YOUR ASSIGNMENT - Which lines run from the line containing "462, 738, 491]" through the end of the records below? Reproduce them exactly, and nothing else.

**********

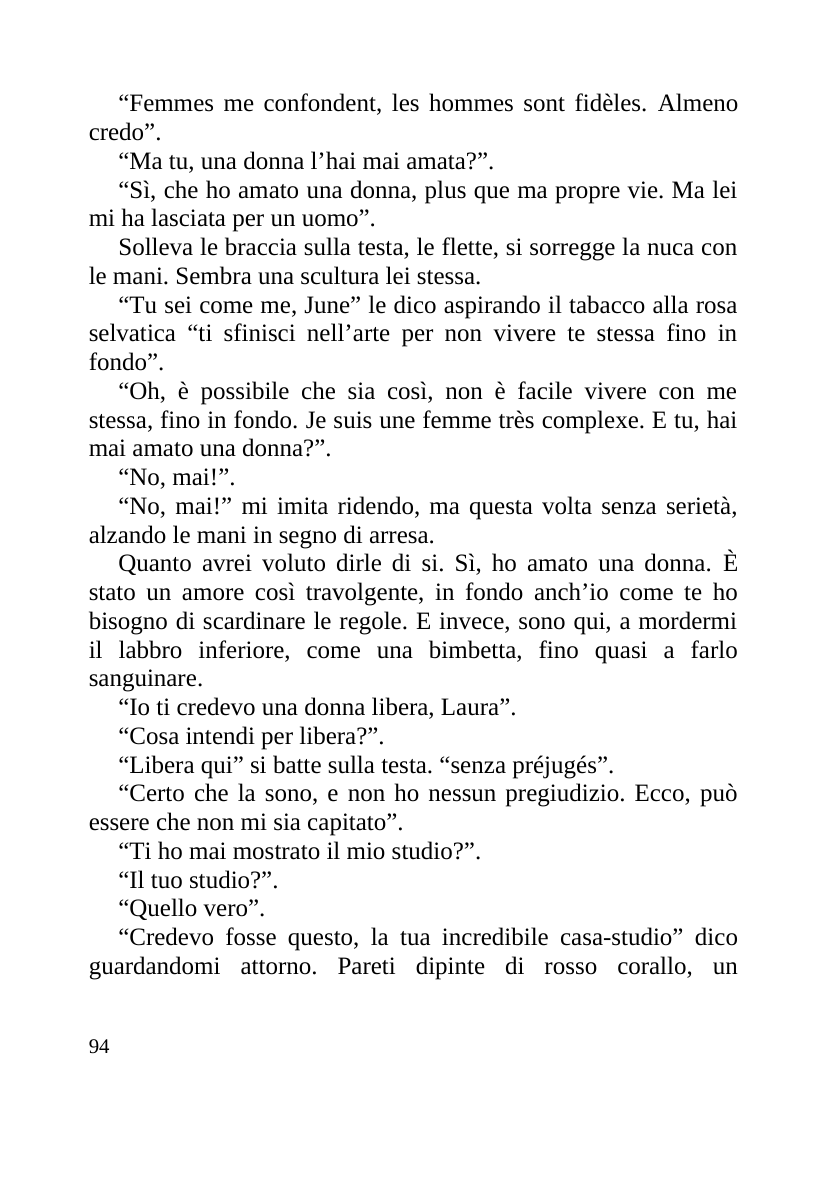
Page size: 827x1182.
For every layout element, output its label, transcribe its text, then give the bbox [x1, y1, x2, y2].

text “No, mai!” mi imita ridendo, ma questa volta senza serietà, alzando le mani in segno di arresa. [88, 491, 738, 548]
text “Oh, è possibile che sia così, non è facile vivere con me stessa, fino in fondo. Je suis une femme très complexe. E tu, hai mai amato una donna?”. [88, 376, 738, 462]
text “Quello vero”. [88, 893, 738, 922]
text “Il tuo studio?”. [88, 865, 738, 893]
text “Cosa intendi per libera?”. [88, 721, 738, 750]
text “Tu sei come me, June” le dico aspirando il tabacco alla rosa selvatica “ti sfinisci nell’arte per non vivere te stessa fino in fondo”. [88, 290, 738, 376]
text Solleva le braccia sulla testa, le flette, si sorregge la nuca con le mani. Sembra una scultura lei stessa. [88, 232, 738, 290]
text “Libera qui” si batte sulla testa. “senza préjugés”. [88, 750, 738, 778]
text “Certo che la sono, e non ho nessun pregiudizio. Ecco, può essere che non mi sia capitato”. [88, 778, 738, 836]
text Quanto avrei voluto dirle di si. Sì, ho amato una donna. è stato un amore così travolgente, in fondo anch’io come te ho bisogno di scardinare le regole. E invece, sono qui, a mordermi il labbro inferiore, come una bimbetta, fino quasi a farlo sanguinare. [88, 548, 738, 692]
text “Ma tu, una donna l’hai mai amata?”. [88, 146, 738, 175]
text “No, mai!”. [88, 462, 738, 491]
text “Sì, che ho amato una donna, plus que ma propre vie. Ma lei mi ha lasciata per un uomo”. [88, 175, 738, 232]
text “Femmes me confondent, les hommes sont fidèles. Almeno credo”. [88, 88, 738, 146]
text “Credevo fosse questo, la tua incredibile casa-studio” dico guardandomi attorno. Pareti dipinte di rosso corallo, un [88, 922, 738, 980]
text “Ti ho mai mostrato il mio studio?”. [88, 836, 738, 865]
text “Io ti credevo una donna libera, Laura”. [88, 692, 738, 721]

**********

EXERCISE SOLUTION -
text “No, mai!”. [88, 462, 738, 491]
text “Sì, che ho amato una donna, plus que ma propre vie. Ma lei mi ha lasciata per un uomo”. [88, 175, 738, 232]
text “Femmes me confondent, les hommes sont fidèles. Almeno credo”. [88, 88, 738, 146]
text “Credevo fosse questo, la tua incredibile casa-studio” dico guardandomi attorno. Pareti dipinte di rosso corallo, un [88, 922, 738, 980]
text “Ti ho mai mostrato il mio studio?”. [88, 836, 738, 865]
text “Io ti credevo una donna libera, Laura”. [88, 692, 738, 721]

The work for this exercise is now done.